** Records provided follows **

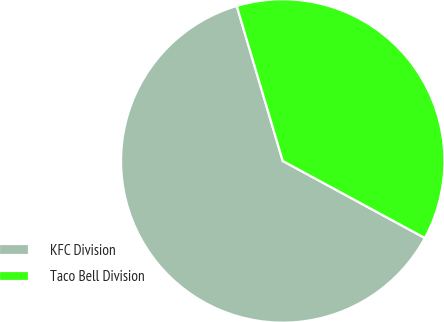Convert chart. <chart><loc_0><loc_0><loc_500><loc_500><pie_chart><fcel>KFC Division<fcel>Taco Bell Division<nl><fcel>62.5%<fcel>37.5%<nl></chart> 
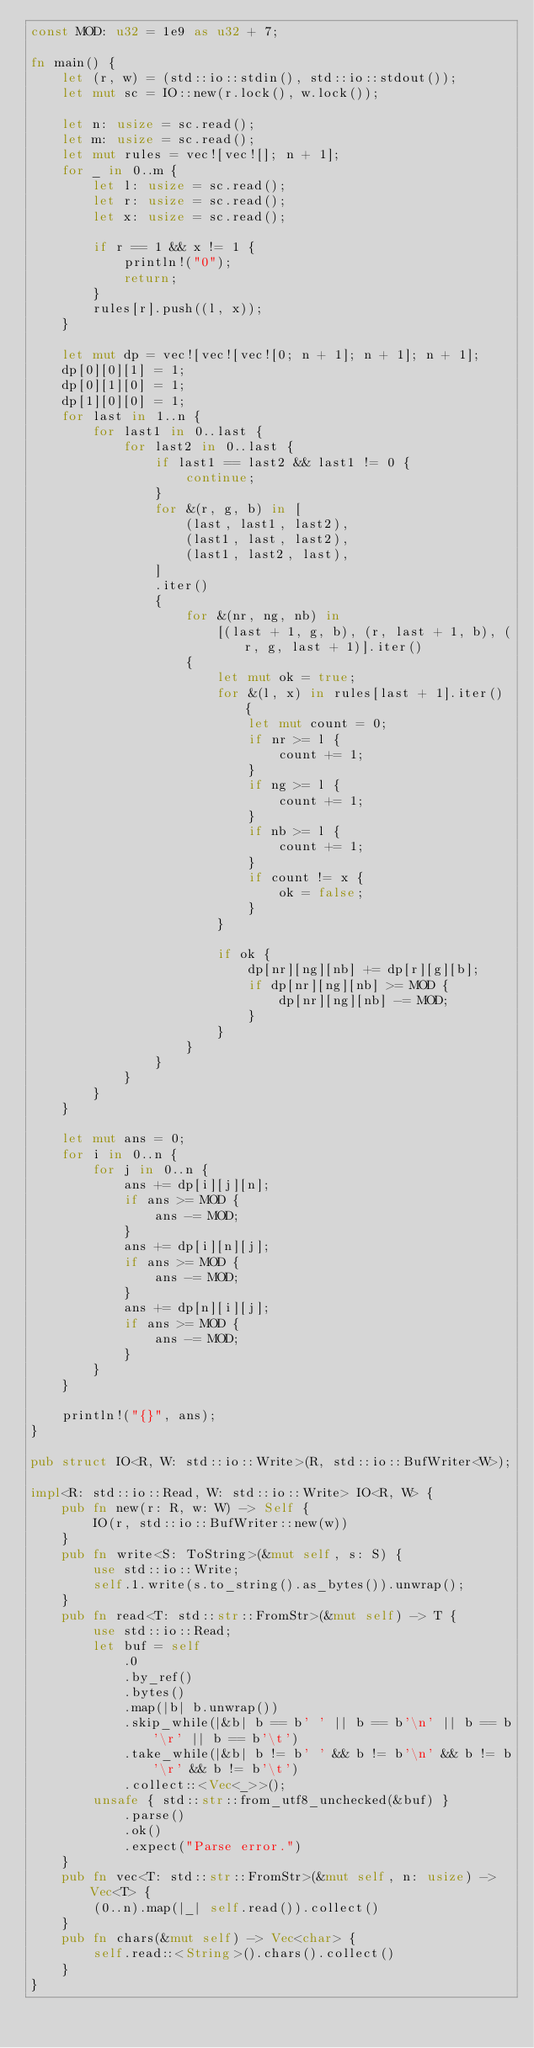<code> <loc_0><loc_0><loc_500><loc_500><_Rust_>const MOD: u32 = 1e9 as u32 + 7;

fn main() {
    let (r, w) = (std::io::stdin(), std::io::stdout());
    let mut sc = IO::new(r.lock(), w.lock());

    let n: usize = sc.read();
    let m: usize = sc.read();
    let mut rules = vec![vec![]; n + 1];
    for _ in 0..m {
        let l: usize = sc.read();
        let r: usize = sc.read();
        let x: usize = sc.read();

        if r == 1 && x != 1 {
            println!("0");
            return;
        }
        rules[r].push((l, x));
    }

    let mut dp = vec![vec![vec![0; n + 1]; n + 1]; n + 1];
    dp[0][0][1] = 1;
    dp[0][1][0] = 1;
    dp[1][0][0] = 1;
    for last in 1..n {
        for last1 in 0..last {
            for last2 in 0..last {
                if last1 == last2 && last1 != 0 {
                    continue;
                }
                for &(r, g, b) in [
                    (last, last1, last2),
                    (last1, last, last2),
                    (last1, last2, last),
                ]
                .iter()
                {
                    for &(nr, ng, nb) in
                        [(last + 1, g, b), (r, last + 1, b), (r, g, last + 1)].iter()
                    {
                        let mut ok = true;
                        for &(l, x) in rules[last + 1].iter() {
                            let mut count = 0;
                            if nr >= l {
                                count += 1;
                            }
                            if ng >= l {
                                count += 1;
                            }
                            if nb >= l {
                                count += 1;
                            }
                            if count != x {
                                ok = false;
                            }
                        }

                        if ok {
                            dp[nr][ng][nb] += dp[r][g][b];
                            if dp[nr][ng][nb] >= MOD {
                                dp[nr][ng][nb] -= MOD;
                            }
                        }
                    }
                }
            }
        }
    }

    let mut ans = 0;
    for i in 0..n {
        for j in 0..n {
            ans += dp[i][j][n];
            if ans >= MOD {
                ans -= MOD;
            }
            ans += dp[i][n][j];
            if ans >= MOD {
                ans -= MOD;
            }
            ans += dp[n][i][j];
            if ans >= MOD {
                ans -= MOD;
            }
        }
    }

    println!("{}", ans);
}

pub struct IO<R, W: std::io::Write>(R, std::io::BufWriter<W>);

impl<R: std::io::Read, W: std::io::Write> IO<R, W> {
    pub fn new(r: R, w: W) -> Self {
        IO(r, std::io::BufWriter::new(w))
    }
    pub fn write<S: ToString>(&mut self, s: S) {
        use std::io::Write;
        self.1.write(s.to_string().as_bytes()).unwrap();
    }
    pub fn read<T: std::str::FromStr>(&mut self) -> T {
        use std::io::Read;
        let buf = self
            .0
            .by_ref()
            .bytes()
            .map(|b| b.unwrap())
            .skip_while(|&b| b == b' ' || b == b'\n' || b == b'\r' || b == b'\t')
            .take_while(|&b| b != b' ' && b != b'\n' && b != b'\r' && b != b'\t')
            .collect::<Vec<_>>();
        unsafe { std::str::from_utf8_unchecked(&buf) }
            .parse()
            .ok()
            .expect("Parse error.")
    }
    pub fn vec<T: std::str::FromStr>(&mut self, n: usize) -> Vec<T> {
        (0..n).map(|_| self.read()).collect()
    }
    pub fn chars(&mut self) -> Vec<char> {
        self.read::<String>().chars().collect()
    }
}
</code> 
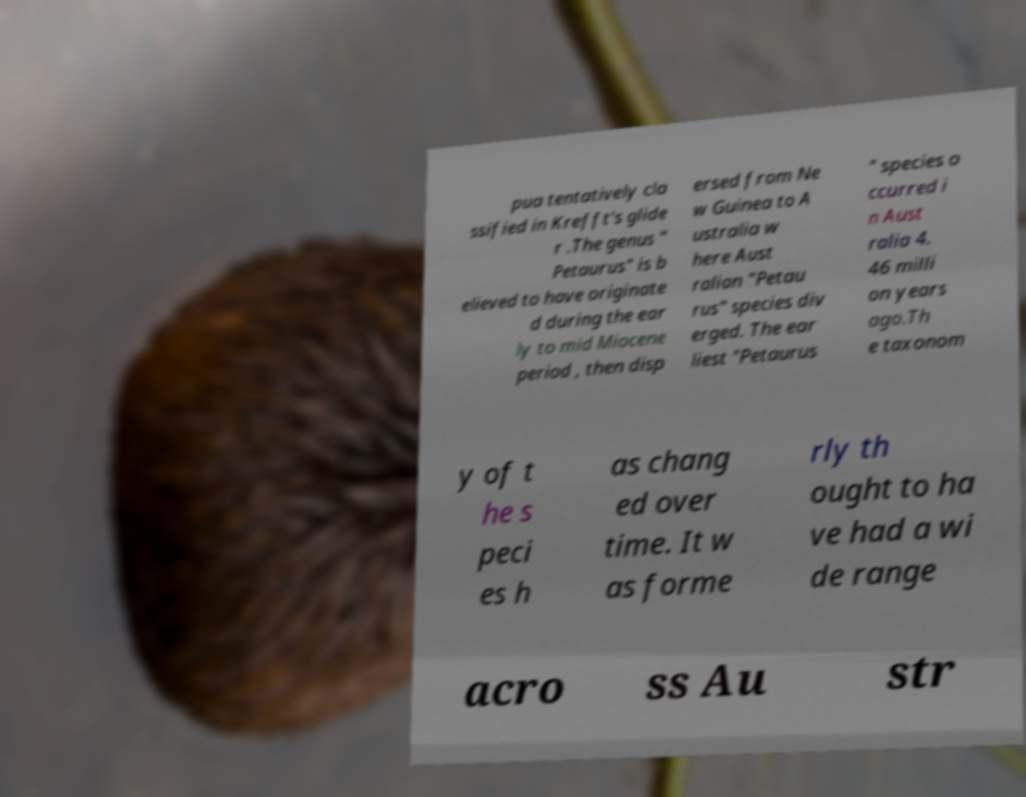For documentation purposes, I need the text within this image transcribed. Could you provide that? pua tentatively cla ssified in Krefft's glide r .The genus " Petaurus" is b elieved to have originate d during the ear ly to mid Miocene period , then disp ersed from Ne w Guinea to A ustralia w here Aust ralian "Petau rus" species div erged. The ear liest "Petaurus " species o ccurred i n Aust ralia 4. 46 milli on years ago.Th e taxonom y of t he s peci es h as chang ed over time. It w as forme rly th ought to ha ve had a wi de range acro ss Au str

** End of Records provided **

**Problem to solve**
Pictures aside, print every line of the material exactly.

**Written response**
Convert chart. <chart><loc_0><loc_0><loc_500><loc_500><pie_chart><fcel>KFC Division<fcel>Taco Bell Division<nl><fcel>62.5%<fcel>37.5%<nl></chart> 
<code> <loc_0><loc_0><loc_500><loc_500><_Rust_>const MOD: u32 = 1e9 as u32 + 7;

fn main() {
    let (r, w) = (std::io::stdin(), std::io::stdout());
    let mut sc = IO::new(r.lock(), w.lock());

    let n: usize = sc.read();
    let m: usize = sc.read();
    let mut rules = vec![vec![]; n + 1];
    for _ in 0..m {
        let l: usize = sc.read();
        let r: usize = sc.read();
        let x: usize = sc.read();

        if r == 1 && x != 1 {
            println!("0");
            return;
        }
        rules[r].push((l, x));
    }

    let mut dp = vec![vec![vec![0; n + 1]; n + 1]; n + 1];
    dp[0][0][1] = 1;
    dp[0][1][0] = 1;
    dp[1][0][0] = 1;
    for last in 1..n {
        for last1 in 0..last {
            for last2 in 0..last {
                if last1 == last2 && last1 != 0 {
                    continue;
                }
                for &(r, g, b) in [
                    (last, last1, last2),
                    (last1, last, last2),
                    (last1, last2, last),
                ]
                .iter()
                {
                    for &(nr, ng, nb) in
                        [(last + 1, g, b), (r, last + 1, b), (r, g, last + 1)].iter()
                    {
                        let mut ok = true;
                        for &(l, x) in rules[last + 1].iter() {
                            let mut count = 0;
                            if nr >= l {
                                count += 1;
                            }
                            if ng >= l {
                                count += 1;
                            }
                            if nb >= l {
                                count += 1;
                            }
                            if count != x {
                                ok = false;
                            }
                        }

                        if ok {
                            dp[nr][ng][nb] += dp[r][g][b];
                            if dp[nr][ng][nb] >= MOD {
                                dp[nr][ng][nb] -= MOD;
                            }
                        }
                    }
                }
            }
        }
    }

    let mut ans = 0;
    for i in 0..n {
        for j in 0..n {
            ans += dp[i][j][n];
            if ans >= MOD {
                ans -= MOD;
            }
            ans += dp[i][n][j];
            if ans >= MOD {
                ans -= MOD;
            }
            ans += dp[n][i][j];
            if ans >= MOD {
                ans -= MOD;
            }
        }
    }

    println!("{}", ans);
}

pub struct IO<R, W: std::io::Write>(R, std::io::BufWriter<W>);

impl<R: std::io::Read, W: std::io::Write> IO<R, W> {
    pub fn new(r: R, w: W) -> Self {
        IO(r, std::io::BufWriter::new(w))
    }
    pub fn write<S: ToString>(&mut self, s: S) {
        use std::io::Write;
        self.1.write(s.to_string().as_bytes()).unwrap();
    }
    pub fn read<T: std::str::FromStr>(&mut self) -> T {
        use std::io::Read;
        let buf = self
            .0
            .by_ref()
            .bytes()
            .map(|b| b.unwrap())
            .skip_while(|&b| b == b' ' || b == b'\n' || b == b'\r' || b == b'\t')
            .take_while(|&b| b != b' ' && b != b'\n' && b != b'\r' && b != b'\t')
            .collect::<Vec<_>>();
        unsafe { std::str::from_utf8_unchecked(&buf) }
            .parse()
            .ok()
            .expect("Parse error.")
    }
    pub fn vec<T: std::str::FromStr>(&mut self, n: usize) -> Vec<T> {
        (0..n).map(|_| self.read()).collect()
    }
    pub fn chars(&mut self) -> Vec<char> {
        self.read::<String>().chars().collect()
    }
}
</code> 
For documentation purposes, I need the text within this image transcribed. Could you provide that? pua tentatively cla ssified in Krefft's glide r .The genus " Petaurus" is b elieved to have originate d during the ear ly to mid Miocene period , then disp ersed from Ne w Guinea to A ustralia w here Aust ralian "Petau rus" species div erged. The ear liest "Petaurus " species o ccurred i n Aust ralia 4. 46 milli on years ago.Th e taxonom y of t he s peci es h as chang ed over time. It w as forme rly th ought to ha ve had a wi de range acro ss Au str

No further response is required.